If you read our previous post on sKVM, you know that I/O performance is the main source of overhead in virtualized environments today. In the world of virtualization, all hypervisors suffer from reduced I/O throughput, and KVM is no exception. So the result is that people who have I/O intensive workloads tend to avoid virtualization wherever possible, because they know they are going to take a performance hit when moving off of bare metal machines. Regardless of the type of I/O (disk, network, etc.) the faster you try to go, the more you are going to feel that virtual machines are holding you back.
That is all well and good, but buying (or even leasing) bare metal machines is very expensive.
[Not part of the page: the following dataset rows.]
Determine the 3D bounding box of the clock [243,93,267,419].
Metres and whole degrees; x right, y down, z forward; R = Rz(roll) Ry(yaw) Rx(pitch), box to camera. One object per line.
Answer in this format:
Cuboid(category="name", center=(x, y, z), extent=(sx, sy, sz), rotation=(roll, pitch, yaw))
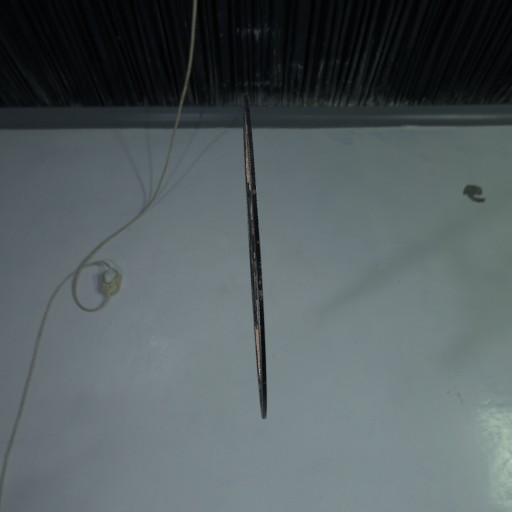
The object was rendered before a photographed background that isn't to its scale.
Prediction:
Cuboid(category="clock", center=(0.000, 0.000, 1.221), extent=(0.025, 0.843, 0.843), rotation=(-3, 64, -2))

Especially if you are a smaller company that does not require heavy computing power 24×7, it is hard to justify putting out the cash to get the system you need to run simulations periodically. So then virtualization looks more attractive, since you can share computing resources more easily between departments in a company, or even use a public cloud when needed. But despite the attractive price, you still wish there was some way to get the I/O performance you need.
This is where our improvements to KVM come into focus, which we call sKVM. The goal is simple — we want to improve the virtual I/O mechanism to near bare metal levels. Then we can enjoy both worlds — all the benefits of a virtualized environment (fast job setup time, migration, checkpointing, etc.) with the performance we expect from modern performance-oriented servers.
KVM’s I/O subsystem
To understand how and where sKVM can improve the I/O performance, let us take a cursory look at how the I/O subsystem in KVM is designed.
Hypervisors offer a few options in terms of virtual I/O devices, namely emulated, paravirtual, and passthrough. Each of these options has its relative strengths, but for the majority of us, paravirtual is the clear choice.
In KVM, that means using a protocol called virtio. Virtio was initially designed by a guy at IBM named Rusty Russell to try to unify and standardize the various methods of virtual I/O. Eventually it became the method used in KVM, with varying success among the other hypervisors and is now an official standard. Virtio specifies the “language” that guest virtual machines use in order to send and receive I/O. That means there are special drivers that are required in the guest OS that can speak this protocol. The drivers use the virtio protocol to communicate with the hypervisor (that is the meaning of paravirtual — that the guest knows that it is a virtual machine, and uses that knowledge to its advantage).
The hypervisor must also implement the other side of the virtio protocol to be able to receive requests from the guest, and return replies. There are also a few implementations of the hypervisor side available.
The first implementation (and arguably the more primitive of the two) is inside the QEMU process. Wait — we are talking about KVM, so why are parts implemented in QEMU? Good question. KVM (in the broader sense) refers to the type II (hosted) hypervisor implemented on top of Linux. This hypervisor arguably includes the entire Linux kernel, as well as some user space applications such as QEMU. QEMU provides system emulation for the hypervisor, so each time the guest VM thinks its using the PCIe bus to talk to a daughter card, that is actually QEMU making it look like there is a PCIe bus there.
So when virtio was first implemented for KVM, it was natural to extend the system emulation to include the backend of the paravirtual I/O devices. For a couple of reasons, the Linux community decided that was not good enough, and virtio should be implemented again as a kernel module. So a guy from Red Hat named Michael Tsirkin wrote vhost — an in-kernel implementation of the virtio backend. This in-kernel implementation has much better performance than its QEMU counterpart, so this is the obvious choice for configuring a virtual environment for any I/O intensive workloads.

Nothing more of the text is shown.